NYC3 Spaces and CDN Performance Issues
Incident Report for DigitalOcean
Postmortem

The Incident

On May 1, 2019, the Spaces storage cluster in NYC3 suffered a cascading network interface failure. This failure caused data nodes to drop off the network and force a large segment of the cluster into data loss protection mode (meaning the cluster no longer serviced writes). This resulted in a drop of S3 API availability down to ~20%.

After resetting the network hardware on the data nodes, our engineering team discovered a hardware configuration problem that blocked restoration of services above 60% of capacity until an on-premise intervention from a datacenter technician could correct the issue.

The impact of this incident was a significant disruption to data availability, with the cluster in a degraded state for approximately 2.5 hours.

Timeline of Events

11:55 UTC - NYC3 Spaces Storage Cluster observed disruption in network traffic (no loss of availability)

12:01 UTC - The cluster begins recovering from initial network disruption, causing an expected spike in traffic on the backend storage network

12:06 UTC - Initial network hardware lockup detected on one data node

12:06-12:15 UTC - Additional nodes begin observing similar hardware lockup

12:16 UTC - Cluster takes data offline to prevent data loss; availability drops to 20% and the storage engineering team is paged in

12:23 UTC - Storage engineers begin diagnosing the issue and observe locked up network hardware on multiple data hosts in the cluster, resulting in full loss of connectivity between data nodes on the backend storage network

12:25-13:25 UTC - Storage engineers begin resetting network hardware to bring connectivity back up, but observe the hardware locking up again. Engineering disables the faulty hardware on all nodes down and brings only one of the network interfaces up on each data node

13:30 UTC - Cluster recovers data availability back to ~60%, but exposes a hardware misconfiguration on one of the nodes

14:45 UTC - Data center team is paged to correct the hardware configuration on the misconfigured data node

14:45 UTC - Availability returns to 100% and services are fully restored

16:07 UTC - Engineering begins resetting the failed network links and bringing them back online and restore uplink redundancy

17:55 UTC - Cluster completes internal recovery back to good status

19:00 UTC - Additional alerting is put into place to catch any recurrence of the issue before it can cascade to additional nodes

Future Measures

We have performed a full audit of all systems to ensure there are no other hardware misconfigurations. Along with the aforementioned additional alerting, we are enhancing internal processes and adding automated tooling to periodically examine the cluster configuration. Lastly, we are also working with the vendor to deploy a fix for the network hardware failure that triggered the event.

In Conclusion

We take the stability of our services seriously and will ensure we work to improve in all areas where we can. We apologize for the inconvenience caused by this outage.
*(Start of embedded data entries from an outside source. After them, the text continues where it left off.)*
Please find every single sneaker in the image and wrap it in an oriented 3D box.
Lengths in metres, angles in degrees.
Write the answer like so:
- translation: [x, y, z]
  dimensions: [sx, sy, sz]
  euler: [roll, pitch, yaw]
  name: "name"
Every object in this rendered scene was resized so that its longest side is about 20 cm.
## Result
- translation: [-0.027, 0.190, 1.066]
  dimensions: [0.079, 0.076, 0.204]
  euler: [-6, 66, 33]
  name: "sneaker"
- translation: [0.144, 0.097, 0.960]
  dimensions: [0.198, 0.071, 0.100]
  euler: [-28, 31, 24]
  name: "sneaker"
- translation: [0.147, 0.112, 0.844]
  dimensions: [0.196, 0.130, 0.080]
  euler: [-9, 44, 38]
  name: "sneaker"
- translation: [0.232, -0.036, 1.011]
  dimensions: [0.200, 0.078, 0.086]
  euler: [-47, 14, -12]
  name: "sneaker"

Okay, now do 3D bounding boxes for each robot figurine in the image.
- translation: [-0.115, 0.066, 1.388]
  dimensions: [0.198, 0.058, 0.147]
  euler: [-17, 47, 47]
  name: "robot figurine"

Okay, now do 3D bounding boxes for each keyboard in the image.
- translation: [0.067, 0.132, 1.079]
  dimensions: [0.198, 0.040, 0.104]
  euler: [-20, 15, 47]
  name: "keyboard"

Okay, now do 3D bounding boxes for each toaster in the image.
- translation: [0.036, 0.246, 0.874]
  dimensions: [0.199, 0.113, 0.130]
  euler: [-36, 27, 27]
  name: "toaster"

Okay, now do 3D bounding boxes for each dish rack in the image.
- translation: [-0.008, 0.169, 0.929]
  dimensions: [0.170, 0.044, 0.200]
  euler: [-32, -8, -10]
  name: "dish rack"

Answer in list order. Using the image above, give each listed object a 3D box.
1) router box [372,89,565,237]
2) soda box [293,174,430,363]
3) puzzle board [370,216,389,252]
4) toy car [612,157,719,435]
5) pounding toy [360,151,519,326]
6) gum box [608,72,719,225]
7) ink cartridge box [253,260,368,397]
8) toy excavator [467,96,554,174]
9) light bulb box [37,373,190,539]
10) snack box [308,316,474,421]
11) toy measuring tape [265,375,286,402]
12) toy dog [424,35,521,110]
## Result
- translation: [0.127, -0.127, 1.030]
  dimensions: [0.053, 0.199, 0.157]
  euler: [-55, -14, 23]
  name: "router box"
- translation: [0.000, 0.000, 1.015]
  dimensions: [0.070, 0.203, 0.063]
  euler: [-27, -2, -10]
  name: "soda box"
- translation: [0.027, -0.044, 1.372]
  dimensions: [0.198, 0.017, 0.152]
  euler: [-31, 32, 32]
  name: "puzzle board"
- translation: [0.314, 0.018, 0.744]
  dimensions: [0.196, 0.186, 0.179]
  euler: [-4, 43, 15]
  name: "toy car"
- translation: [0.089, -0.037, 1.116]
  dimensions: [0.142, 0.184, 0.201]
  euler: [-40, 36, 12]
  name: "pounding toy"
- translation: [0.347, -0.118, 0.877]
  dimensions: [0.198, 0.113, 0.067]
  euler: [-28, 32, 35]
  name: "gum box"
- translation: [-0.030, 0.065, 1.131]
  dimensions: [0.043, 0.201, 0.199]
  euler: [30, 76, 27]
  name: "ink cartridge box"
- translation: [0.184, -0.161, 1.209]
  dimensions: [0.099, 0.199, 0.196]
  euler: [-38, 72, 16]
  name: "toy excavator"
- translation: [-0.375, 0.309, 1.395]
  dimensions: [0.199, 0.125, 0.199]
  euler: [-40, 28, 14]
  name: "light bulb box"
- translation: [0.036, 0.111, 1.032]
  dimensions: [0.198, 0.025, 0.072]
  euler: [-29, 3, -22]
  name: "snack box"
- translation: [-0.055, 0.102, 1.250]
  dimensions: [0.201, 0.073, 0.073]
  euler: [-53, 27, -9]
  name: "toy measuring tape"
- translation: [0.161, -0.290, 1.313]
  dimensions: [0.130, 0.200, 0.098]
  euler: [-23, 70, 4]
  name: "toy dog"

Posted 9 days ago. May 17, 2019 - 19:49 UTC

Resolved
Our engineering team has resolved the issue with degraded Spaces and CDN performance in our NYC3 region. If you continue to experience issues, please open a ticket with our support team. We apologize for any inconvenience.
Posted 25 days ago. May 01, 2019 - 19:00 UTC
Monitoring
Our engineering team has implemented a fix to resolve the issue with degraded Spaces and CDN performance and is monitoring the situation. We will post an update as soon as the issue is fully resolved.
Posted 26 days ago. May 01, 2019 - 14:56 UTC
Update
Our Engineering team continues to investigate the issue impacting Spaces performance in our NYC3 region. At this time customers may experience intermittent availability issues with the API and objects in NYC3 Spaces, as well as issues with the Spaces CDN on objects in NYC3. We apologize for the inconvenience and will share another update as soon as possible.
Posted 26 days ago. May 01, 2019 - 14:25 UTC
Investigating
Our engineering team is investigating an issue impacting Spaces performance in our NYC3 region. During this time, customers may experience intermittent availability issues with the API and objects in NYC3 Spaces. We will share additional updates as soon as we have more information.
Posted 26 days ago. May 01, 2019 - 12:21 UTC
This incident affected: Regions (NYC3) and Services (Spaces).